■ Data provided
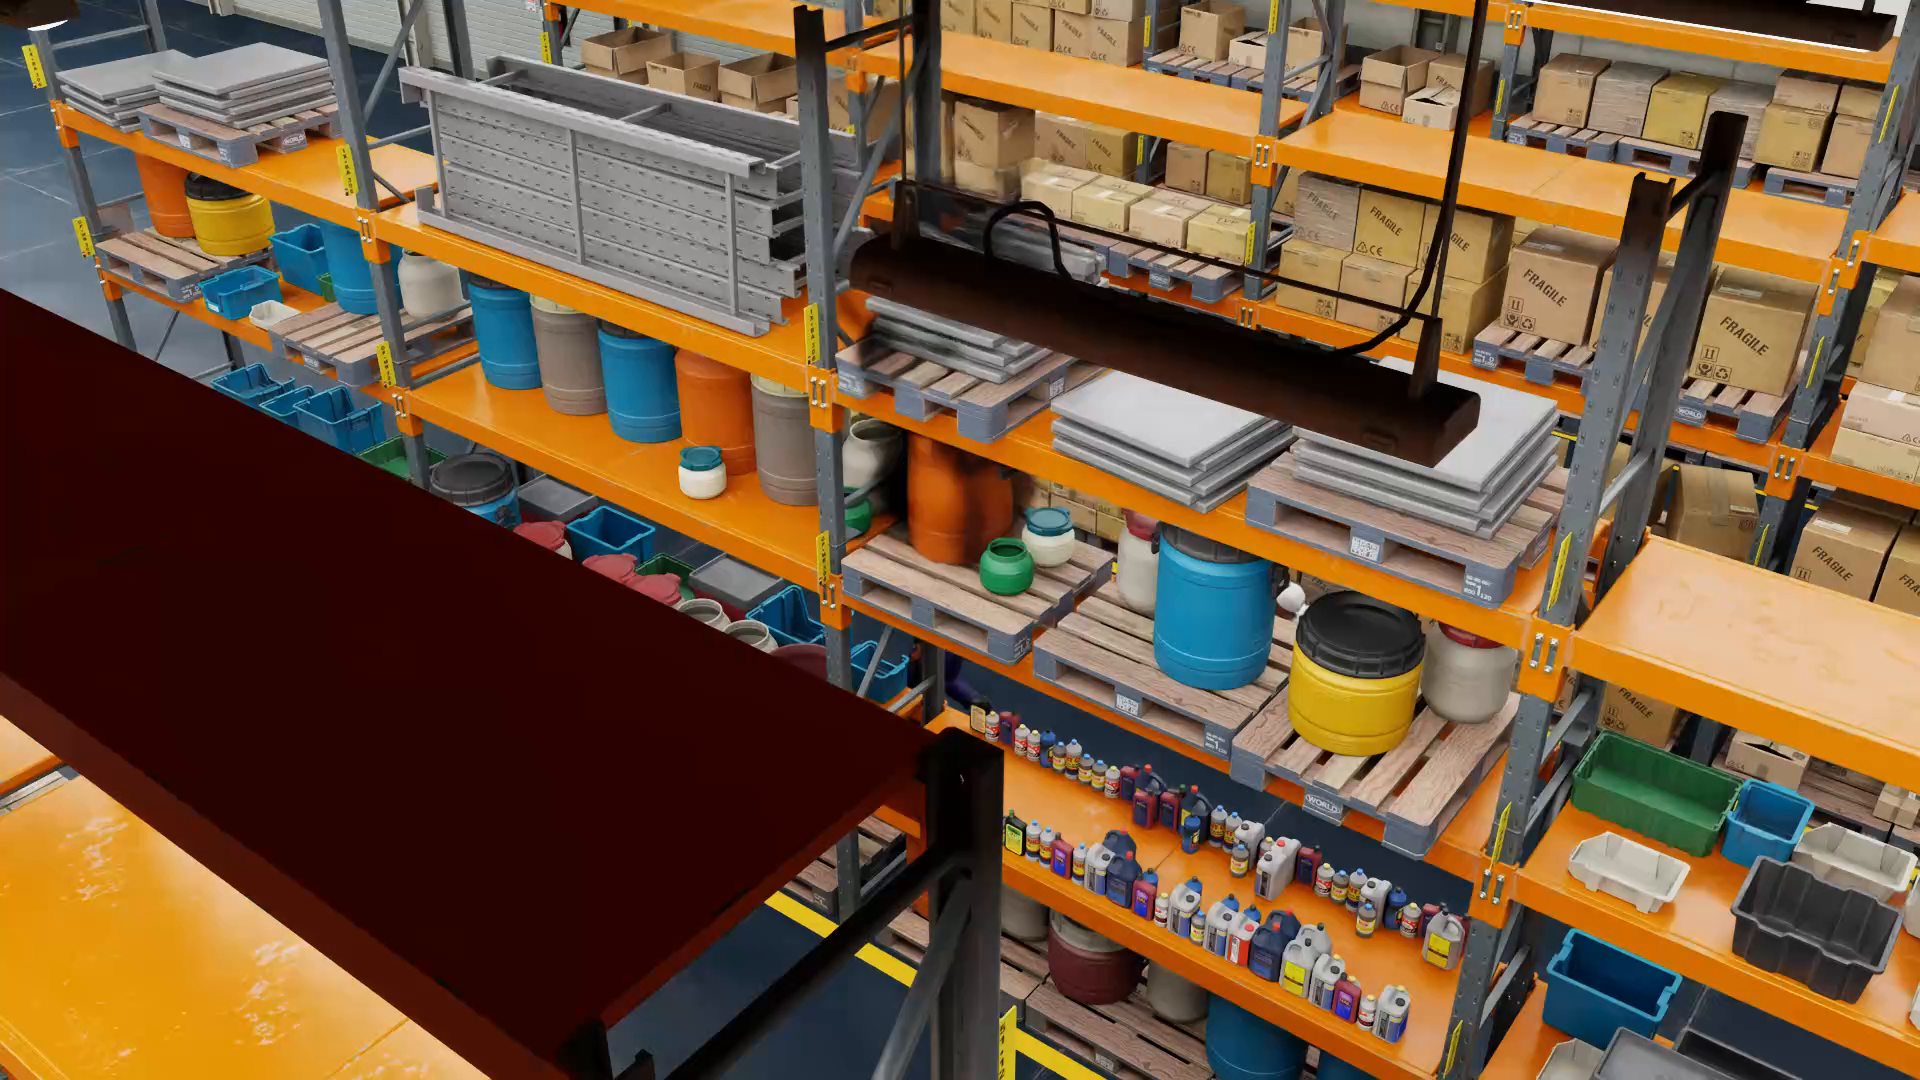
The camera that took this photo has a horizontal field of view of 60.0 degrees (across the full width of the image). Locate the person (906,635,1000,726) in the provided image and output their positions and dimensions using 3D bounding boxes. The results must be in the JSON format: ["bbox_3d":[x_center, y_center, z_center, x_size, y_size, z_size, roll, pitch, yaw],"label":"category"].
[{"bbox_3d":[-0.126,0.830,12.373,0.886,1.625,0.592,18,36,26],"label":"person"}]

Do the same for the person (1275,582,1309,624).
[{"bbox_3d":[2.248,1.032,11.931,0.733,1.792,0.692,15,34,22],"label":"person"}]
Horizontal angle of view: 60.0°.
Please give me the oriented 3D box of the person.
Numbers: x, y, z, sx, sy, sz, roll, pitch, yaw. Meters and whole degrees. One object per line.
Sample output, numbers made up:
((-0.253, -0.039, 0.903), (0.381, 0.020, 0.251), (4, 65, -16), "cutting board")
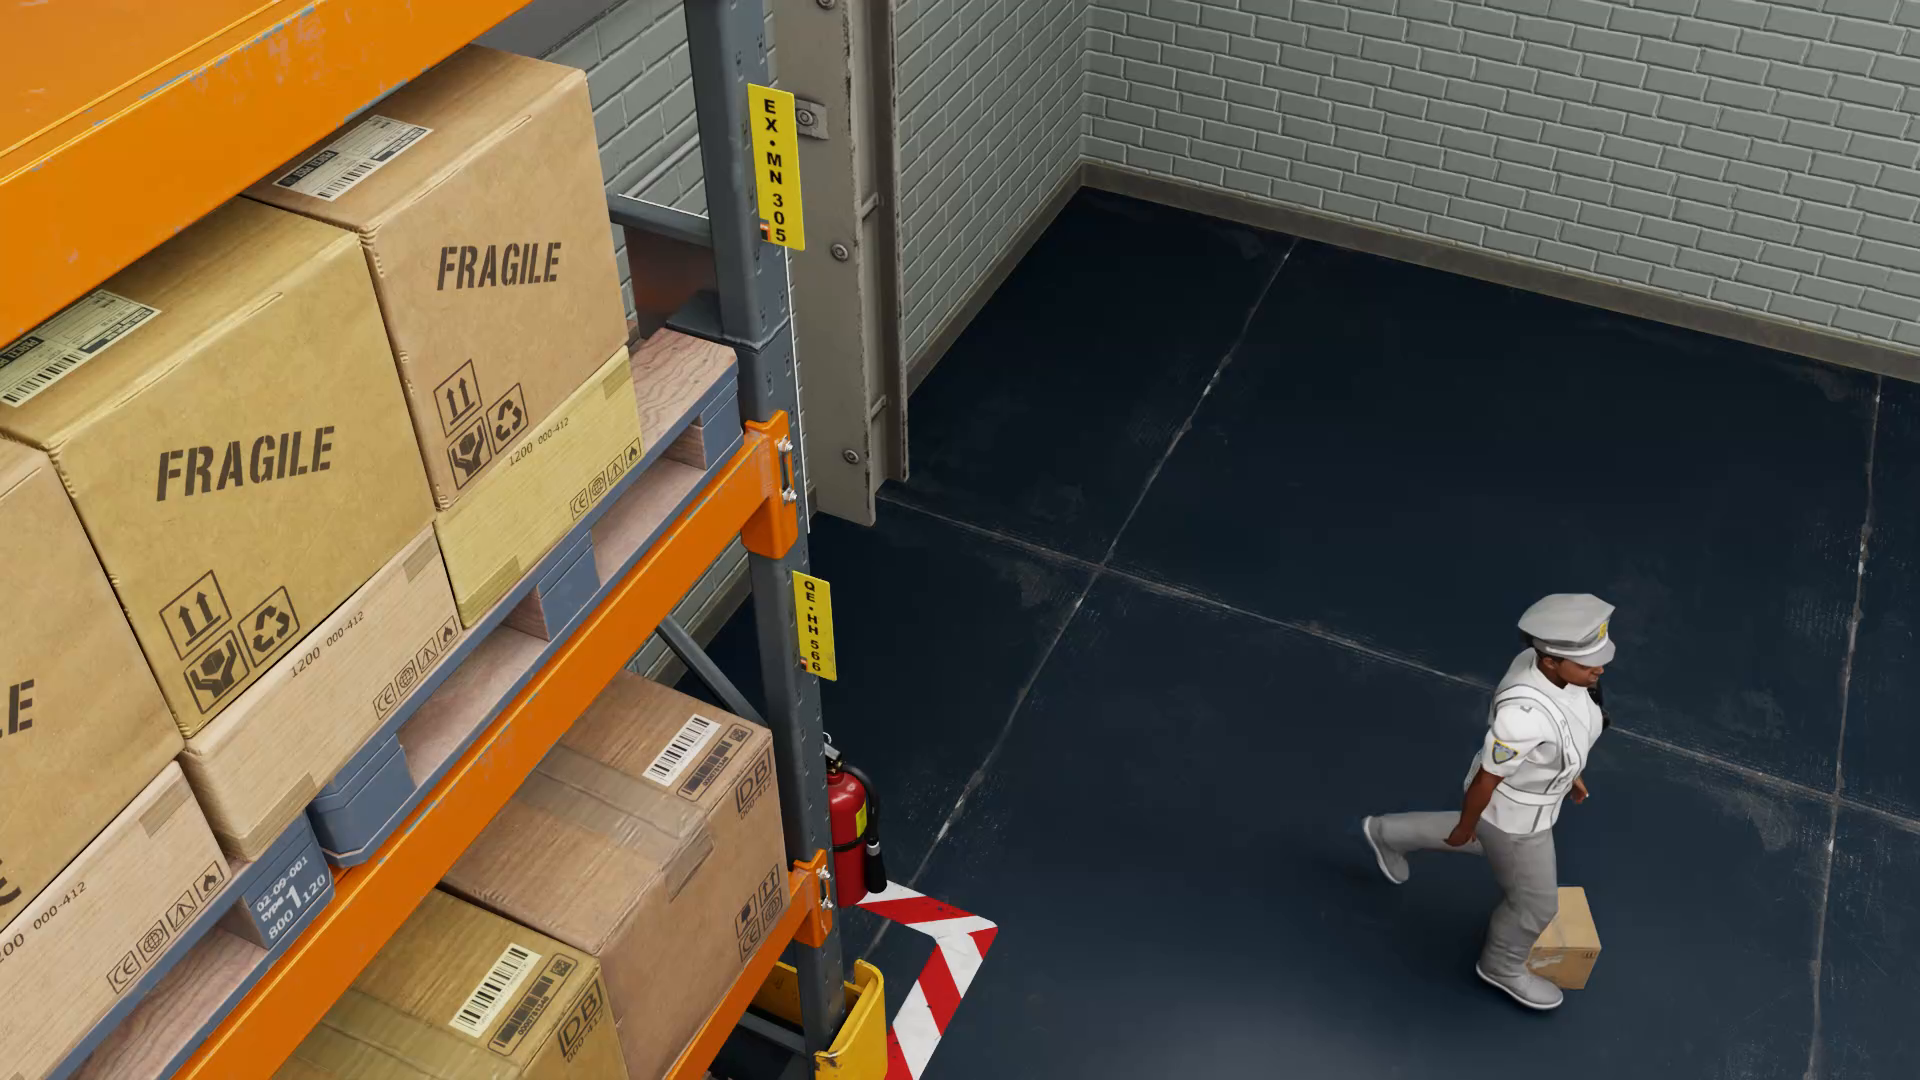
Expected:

■ Action item
Each of the lines above should be transcribed exactly; no image is to be copied.

■ Solution
The camera that took this photo has a horizontal field of view of 60.0 degrees (across the full width of the image). Locate the person (906,635,1000,726) in the provided image and output their positions and dimensions using 3D bounding boxes. The results must be in the JSON format: ["bbox_3d":[x_center, y_center, z_center, x_size, y_size, z_size, roll, pitch, yaw],"label":"category"].
[{"bbox_3d":[-0.126,0.830,12.373,0.886,1.625,0.592,18,36,26],"label":"person"}]

Do the same for the person (1275,582,1309,624).
[{"bbox_3d":[2.248,1.032,11.931,0.733,1.792,0.692,15,34,22],"label":"person"}]
Horizontal angle of view: 60.0°.
Please give me the oriented 3D box of the person.
Numbers: x, y, z, sx, sy, sz, roll, pitch, yaw. Meters and whole degrees. One object per line.
Sample output, numbers made up:
((-0.253, -0.039, 0.903), (0.381, 0.020, 0.251), (4, 65, -16), "cutting board")
Expected:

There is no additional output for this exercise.